Evaluating social impact: at last, a useful approach for sport projects
Too often seen as an instrument for control by the public authorities and as a communications tool by project leaders, measuring social impact can also have a frequently-underestimated strategic objective, in helping to guide sport projects
Manon REGUER-PETIT
Scientific Director, Phare Agency*
Emmanuel RIVAT
Co-founder and Director General in charge of innovation, Phare Agency*
For social impact measurement to meet this strategic objective, it needs to take place in a period favourable to change. It should not be tacked on to an approach afterwards, once the project has already come to an end, but should be an integral part of its development. By advising the Paris 2024 “Impact and Legacy” managers, the Phare Agency helped them develop their strategy (drawing up and fixing key objectives).
Measuring, as a means of gathering knowledge, can then be a strategic management tool when the methods chosen are adapted to the nature of the project. On this point, we are firmly convinced that qualitative and quantitative methods are usually complementary. When quantitative methods make it possible to quantify the impacts, qualitative methods show the transformative process and the conditions necessary for attaining the impact. The qualitative methods used by the Phare Agency in the context of the FNCIDFF’s innovative “TouteSport” programme made it possible not only to show the impact of the programme on empowering women and integrating them socially and professionally, but also to show the transformation process at work and the conditions needed for sport to be an effective tool for empowering and integrating women.
“A strategic tool for management and continuous improvement”
Discussing the results and what has been learnt from measuring social impact is a powerful driving force for activating a varied network of partnerships.
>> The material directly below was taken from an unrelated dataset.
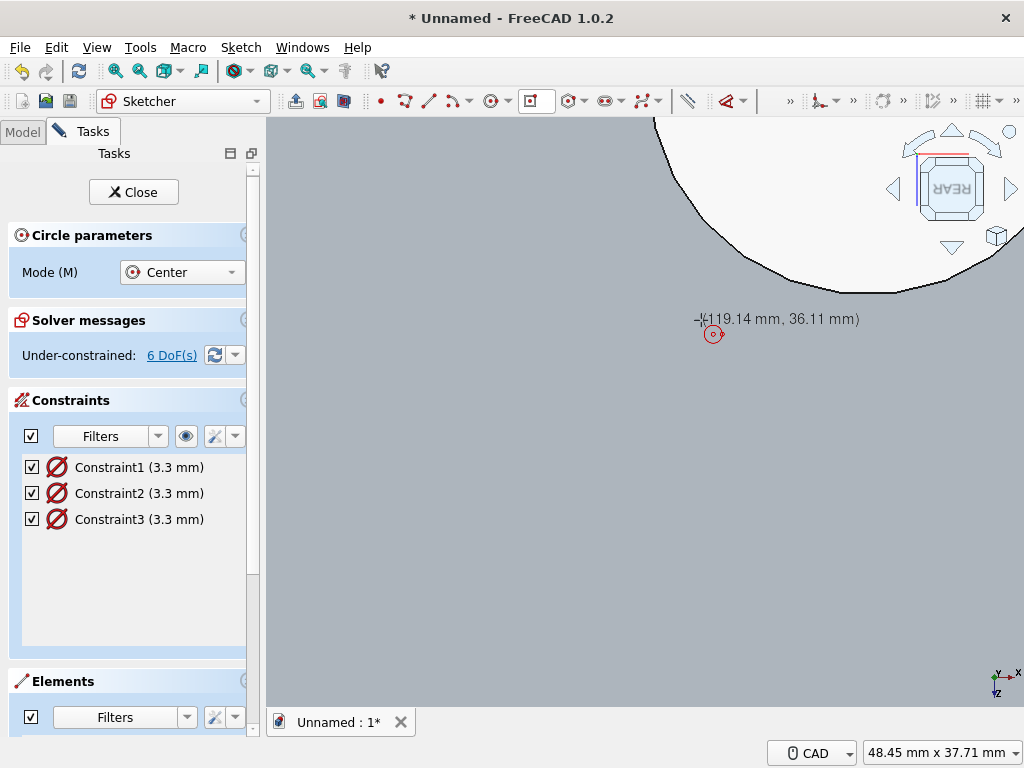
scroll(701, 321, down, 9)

The impact never comes from a single organisation: it is often shared, concerted and mutualised. Sharing the results of measuring represents a major challenge for sport stakeholders to be able to create projects with a social impact and collaborative approaches with other sectors (social action, combatting discrimination and so on). In these conditions, the sport ecosystem could become an even more powerful actor in social change, recognised by the public authorities.
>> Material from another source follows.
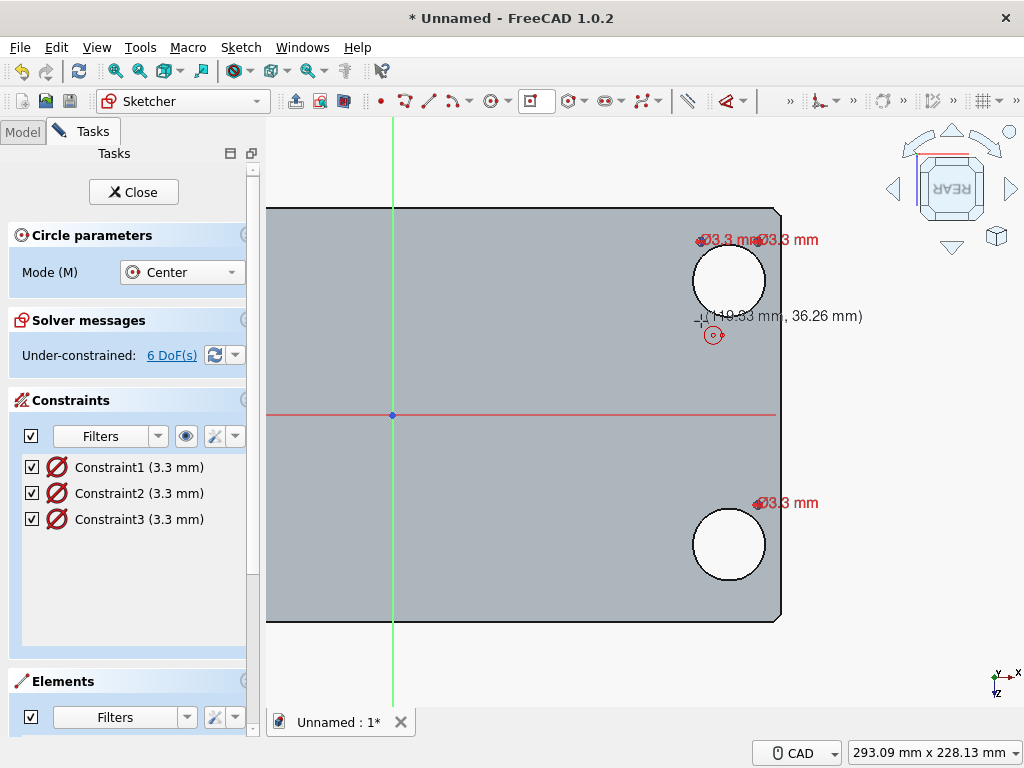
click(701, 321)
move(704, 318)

Measuring social impact plays an important role in major strategic issues for developing sport projects as long as it is not solely used as a tool for control, reporting or communications, but as a strategic tool for management and continuous improvement of social impact. It is in this perspective that it can contribute to ensuring access to sport for everybody, and making sport a means to empowerment, integration and social inclusion.
*Created in 2013, the Phare Agency specialises in measuring social impact and public policies. Scientific, independent and engaged, it uses social science methods to run studies and breathe new life into support and advice methods.